(Dataset records)
=== Begin Enclosure ===

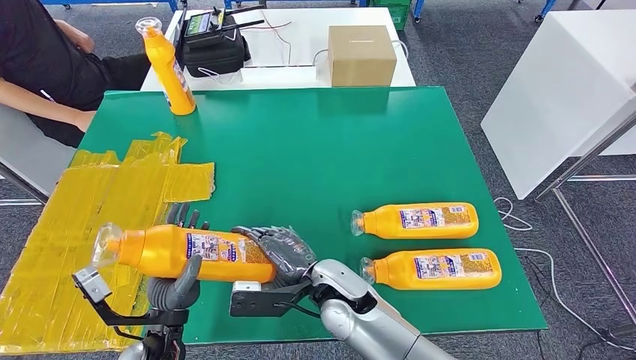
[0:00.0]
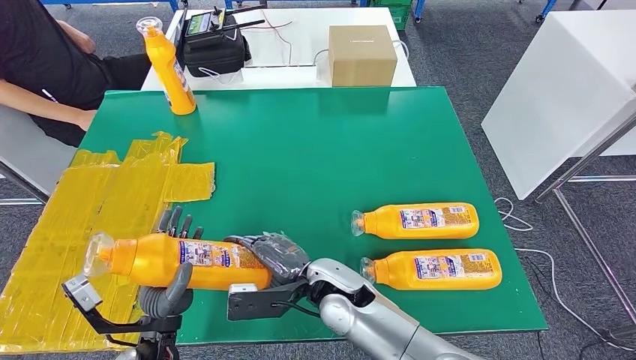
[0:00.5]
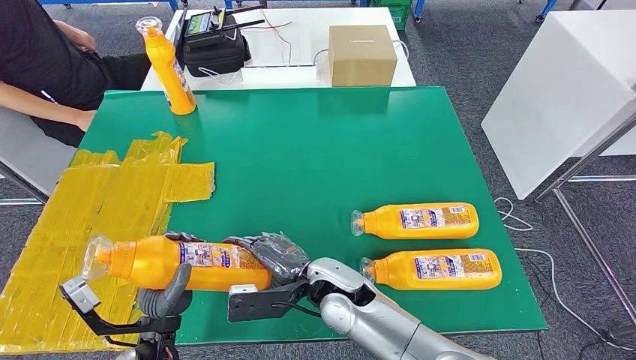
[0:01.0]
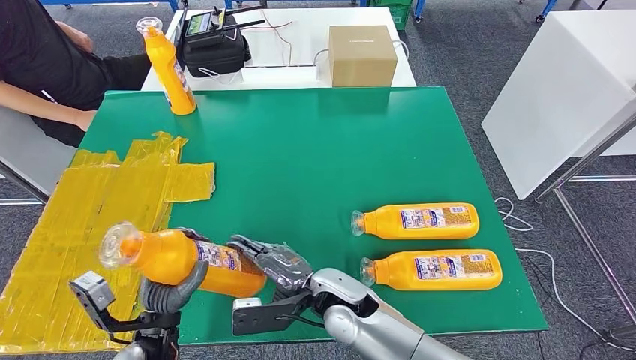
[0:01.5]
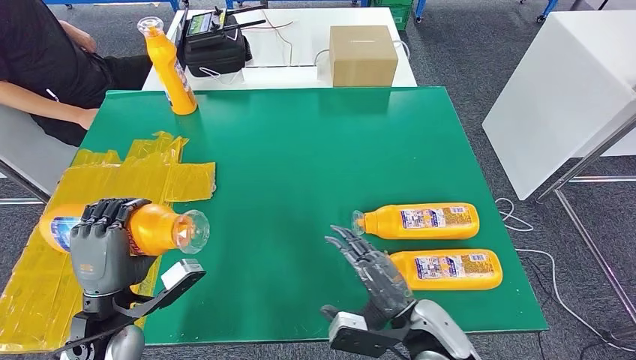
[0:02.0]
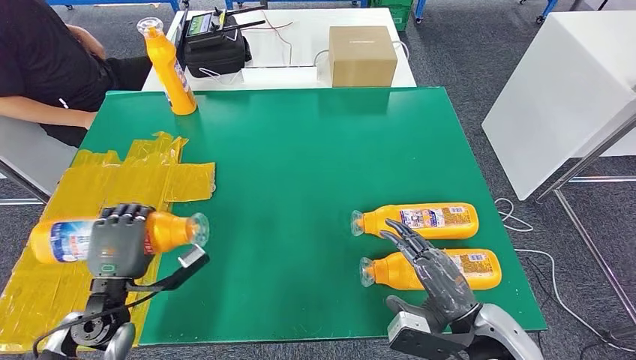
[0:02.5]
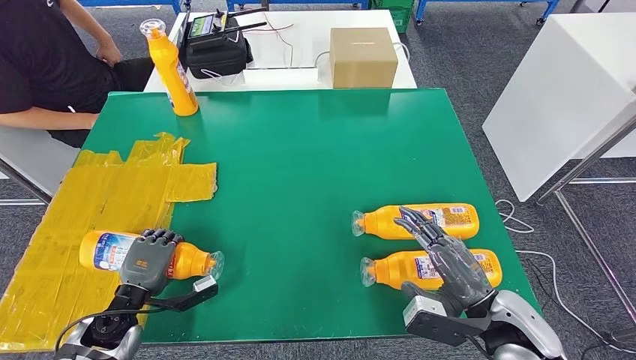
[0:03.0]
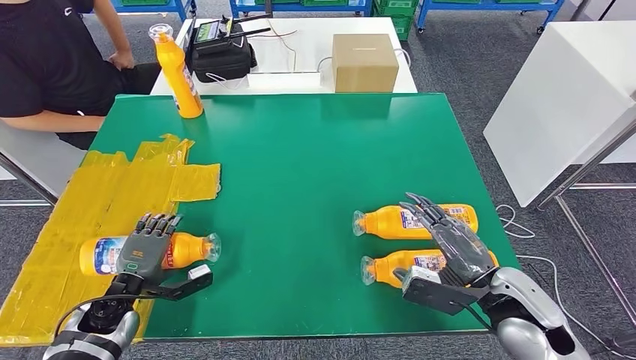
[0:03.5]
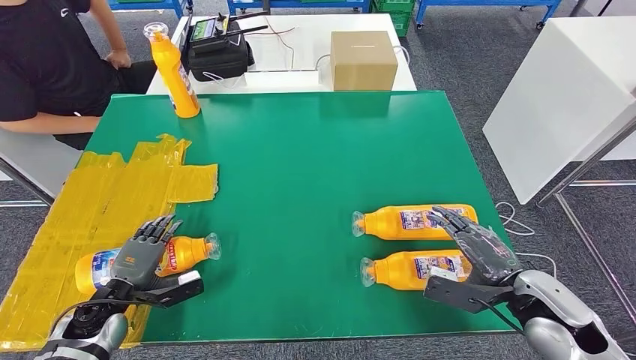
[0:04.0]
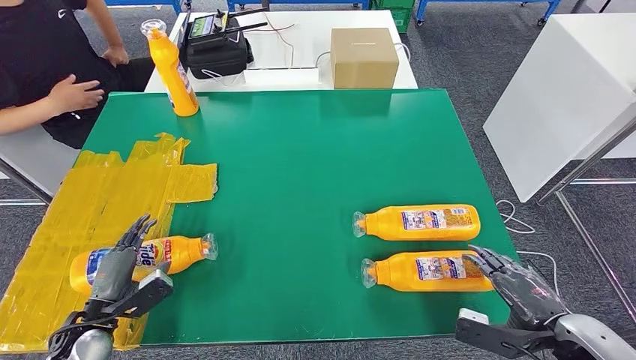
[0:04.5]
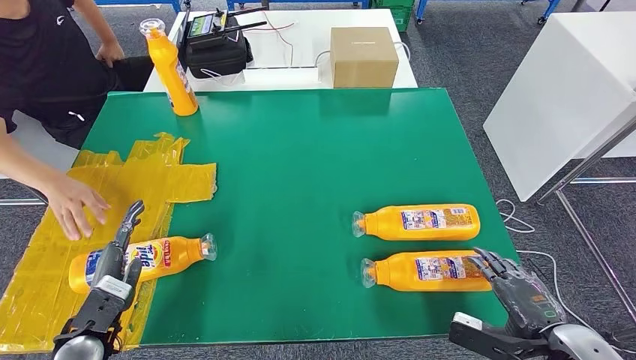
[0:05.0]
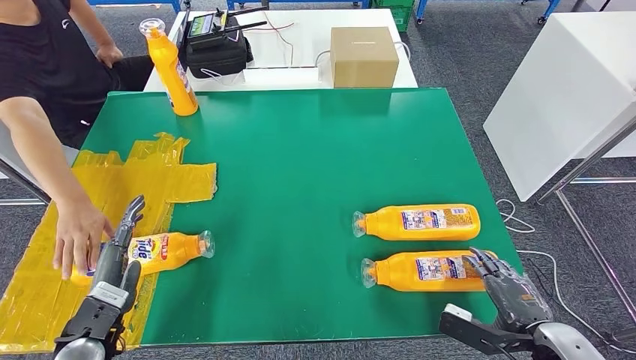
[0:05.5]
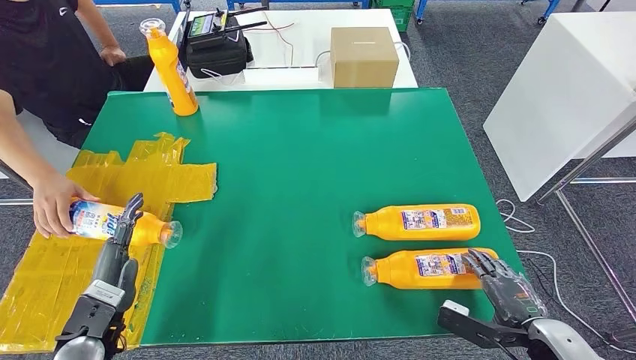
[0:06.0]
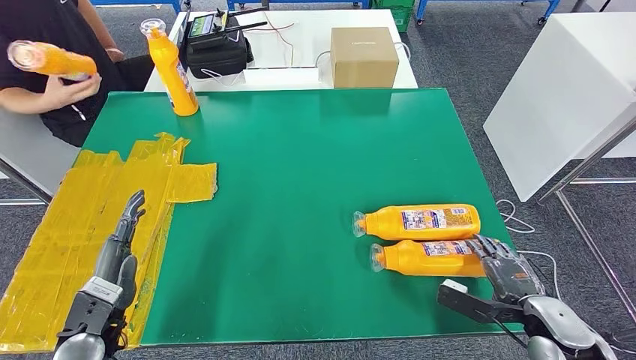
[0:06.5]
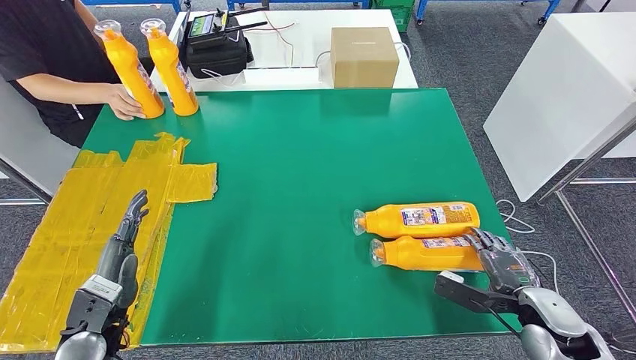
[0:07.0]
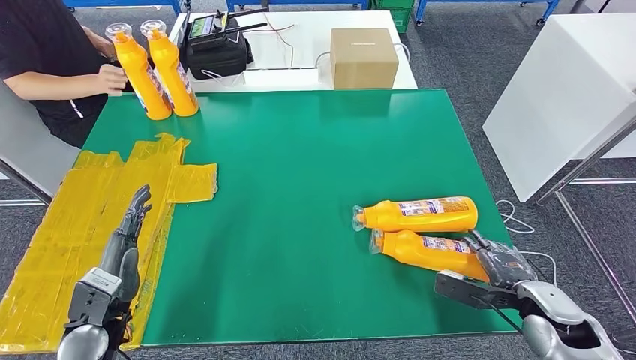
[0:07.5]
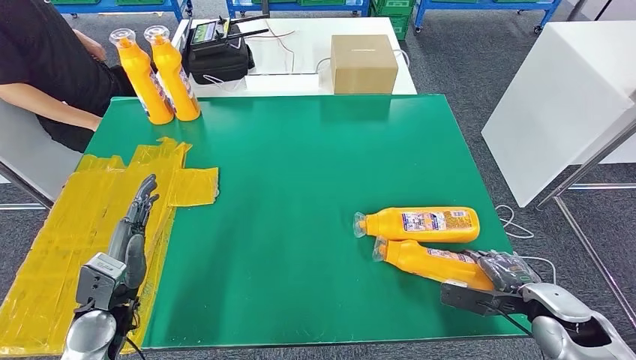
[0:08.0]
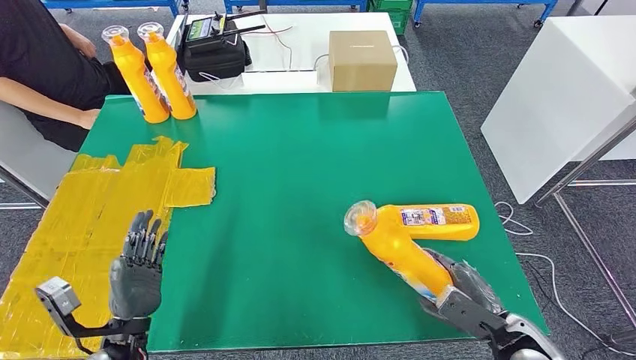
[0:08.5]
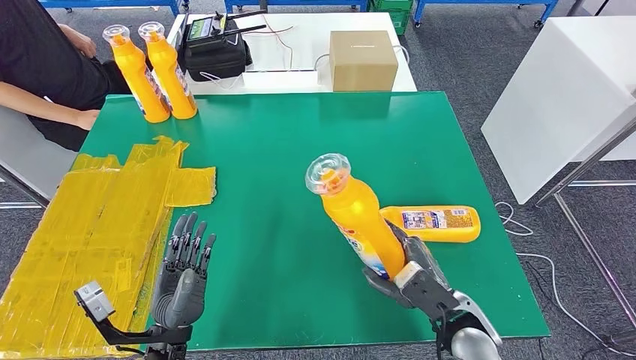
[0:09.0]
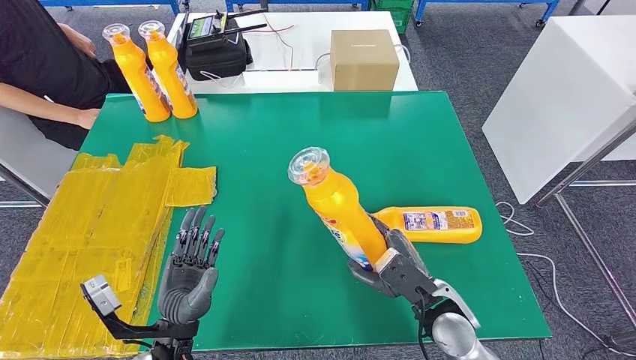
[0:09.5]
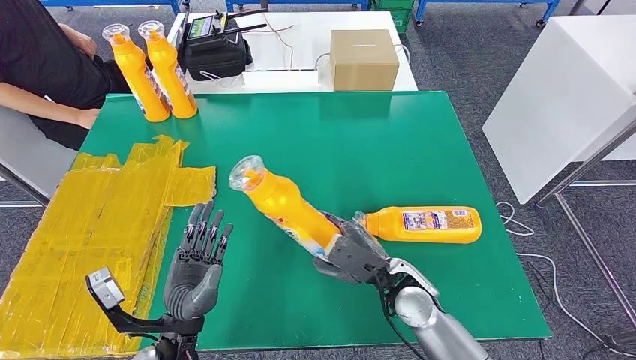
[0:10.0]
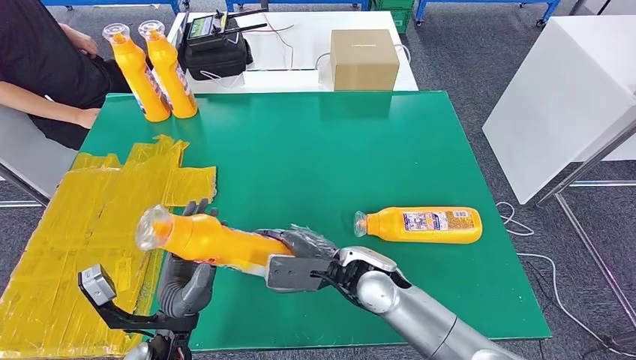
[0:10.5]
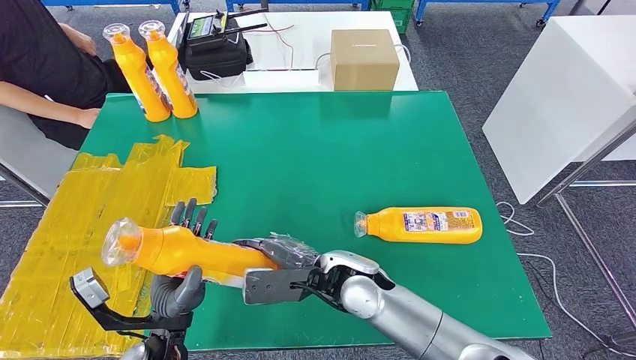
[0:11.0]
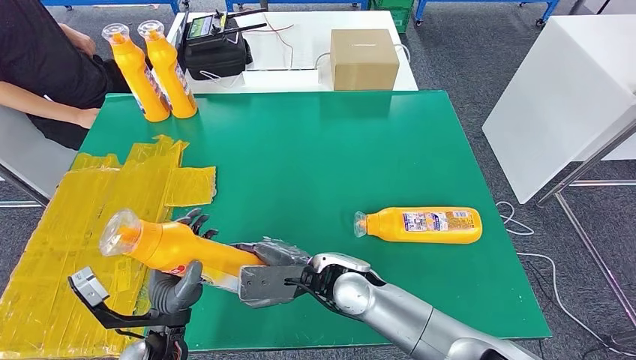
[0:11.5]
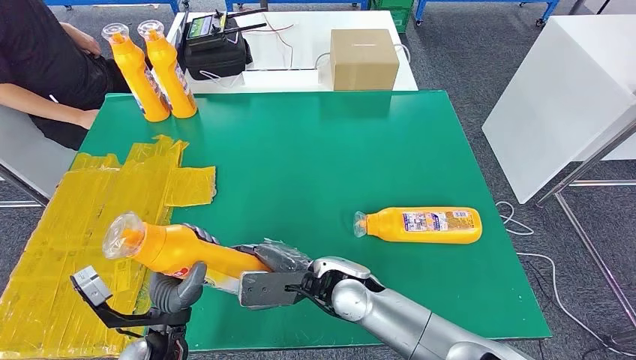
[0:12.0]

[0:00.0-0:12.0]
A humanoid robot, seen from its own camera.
Step, 0:00.0 to 0:02.5: Flip the bottle to face forward.
Step, 0:03.0 to 0:09.0: Pick up the bottle from the table.
0:00.0 to 0:02.0: The right hand moves to the right and backward, some 15 cm. The left hand goes about 5 cm to the left.
0:10.0 to 0:12.0: The right hand shifts some 10 cm to the left.

=== End Enclosure ===

**TASK PROMPT**
The data above should be returned in full, exactly as written, apart from its images.

**SOLVED PROBLEM**
[0:00.0]
[0:00.5]
[0:01.0]
[0:01.5]
[0:02.0]
[0:02.5]
[0:03.0]
[0:03.5]
[0:04.0]
[0:04.5]
[0:05.0]
[0:05.5]
[0:06.0]
[0:06.5]
[0:07.0]
[0:07.5]
[0:08.0]
[0:08.5]
[0:09.0]
[0:09.5]
[0:10.0]
[0:10.5]
[0:11.0]
[0:11.5]
[0:12.0]

[0:00.0-0:12.0]
A humanoid robot, seen from its own camera.
Step, 0:00.0 to 0:02.5: Flip the bottle to face forward.
Step, 0:03.0 to 0:09.0: Pick up the bottle from the table.
0:00.0 to 0:02.0: The right hand moves to the right and backward, some 15 cm. The left hand goes about 5 cm to the left.
0:10.0 to 0:12.0: The right hand shifts some 10 cm to the left.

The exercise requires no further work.